--- THE DATA ---

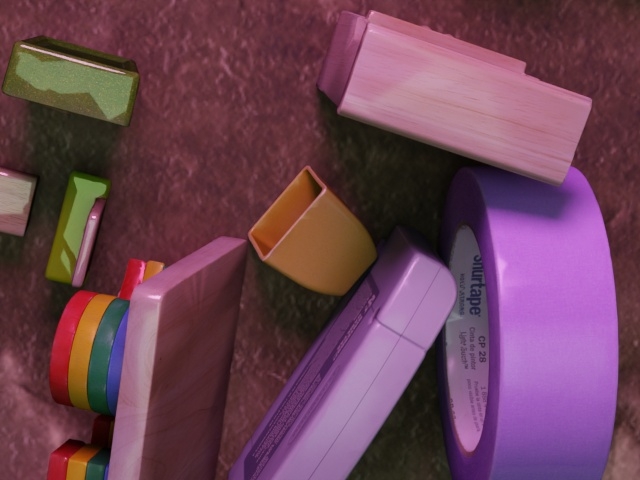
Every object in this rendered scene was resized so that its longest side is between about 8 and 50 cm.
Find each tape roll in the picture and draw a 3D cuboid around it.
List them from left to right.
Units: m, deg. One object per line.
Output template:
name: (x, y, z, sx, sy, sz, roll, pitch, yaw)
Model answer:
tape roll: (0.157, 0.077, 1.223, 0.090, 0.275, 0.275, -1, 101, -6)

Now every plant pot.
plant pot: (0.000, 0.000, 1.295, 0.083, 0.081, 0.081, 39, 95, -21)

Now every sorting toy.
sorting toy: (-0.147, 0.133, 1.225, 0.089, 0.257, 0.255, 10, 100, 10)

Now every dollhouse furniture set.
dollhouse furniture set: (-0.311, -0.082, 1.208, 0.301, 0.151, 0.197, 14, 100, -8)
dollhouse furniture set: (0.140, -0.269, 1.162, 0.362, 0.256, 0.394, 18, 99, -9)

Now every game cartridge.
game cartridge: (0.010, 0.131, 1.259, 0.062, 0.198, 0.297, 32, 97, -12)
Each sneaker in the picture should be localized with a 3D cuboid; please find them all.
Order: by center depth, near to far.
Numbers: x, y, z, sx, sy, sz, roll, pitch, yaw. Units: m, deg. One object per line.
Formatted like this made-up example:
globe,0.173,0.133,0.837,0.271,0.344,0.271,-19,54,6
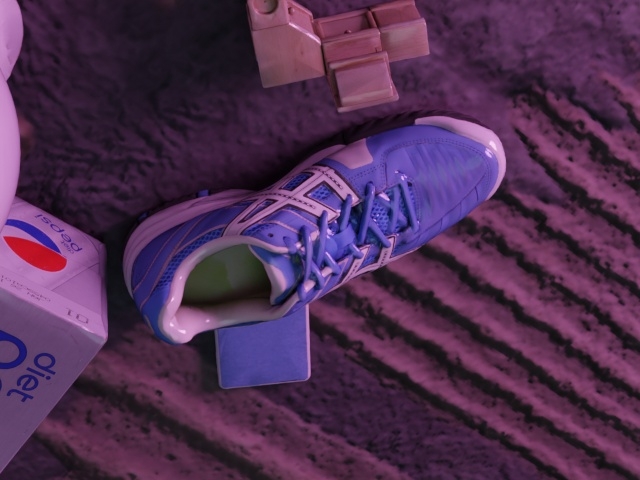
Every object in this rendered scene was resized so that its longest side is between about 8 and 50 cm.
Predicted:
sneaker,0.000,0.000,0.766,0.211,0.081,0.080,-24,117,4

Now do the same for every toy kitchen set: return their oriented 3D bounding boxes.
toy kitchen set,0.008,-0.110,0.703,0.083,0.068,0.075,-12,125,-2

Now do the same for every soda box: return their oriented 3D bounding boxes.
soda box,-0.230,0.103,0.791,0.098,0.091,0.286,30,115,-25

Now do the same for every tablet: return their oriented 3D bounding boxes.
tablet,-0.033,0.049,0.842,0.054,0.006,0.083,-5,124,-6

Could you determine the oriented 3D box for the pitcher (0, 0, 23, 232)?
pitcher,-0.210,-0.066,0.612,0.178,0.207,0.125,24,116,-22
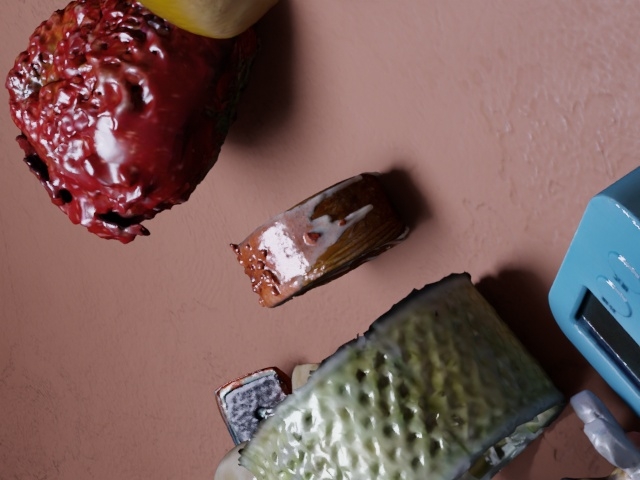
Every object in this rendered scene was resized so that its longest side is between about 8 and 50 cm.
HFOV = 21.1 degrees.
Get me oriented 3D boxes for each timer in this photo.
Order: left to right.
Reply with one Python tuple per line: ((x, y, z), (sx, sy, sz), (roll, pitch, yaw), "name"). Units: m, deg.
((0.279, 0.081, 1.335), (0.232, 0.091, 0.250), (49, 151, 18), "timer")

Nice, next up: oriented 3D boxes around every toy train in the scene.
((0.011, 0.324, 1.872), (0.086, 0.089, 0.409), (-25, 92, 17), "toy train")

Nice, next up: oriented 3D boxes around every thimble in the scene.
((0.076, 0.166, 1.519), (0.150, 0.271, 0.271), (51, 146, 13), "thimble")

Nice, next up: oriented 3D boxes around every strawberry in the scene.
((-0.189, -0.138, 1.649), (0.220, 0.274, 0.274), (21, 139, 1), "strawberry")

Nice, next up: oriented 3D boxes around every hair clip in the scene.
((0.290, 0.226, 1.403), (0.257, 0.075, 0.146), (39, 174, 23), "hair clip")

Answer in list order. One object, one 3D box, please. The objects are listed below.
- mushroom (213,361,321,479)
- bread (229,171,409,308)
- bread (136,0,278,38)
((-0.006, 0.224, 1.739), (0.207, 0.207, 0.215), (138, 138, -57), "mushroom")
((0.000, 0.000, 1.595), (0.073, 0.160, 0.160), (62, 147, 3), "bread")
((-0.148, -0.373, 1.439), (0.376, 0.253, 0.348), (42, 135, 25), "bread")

---

(WORK REQUIRED) Locate the word "them" in the entries, and copy every line where it is found.

(REPLY)
List them from left to right.
Each sneaker in the picture should be localized with a 3D cuboid; please find them all.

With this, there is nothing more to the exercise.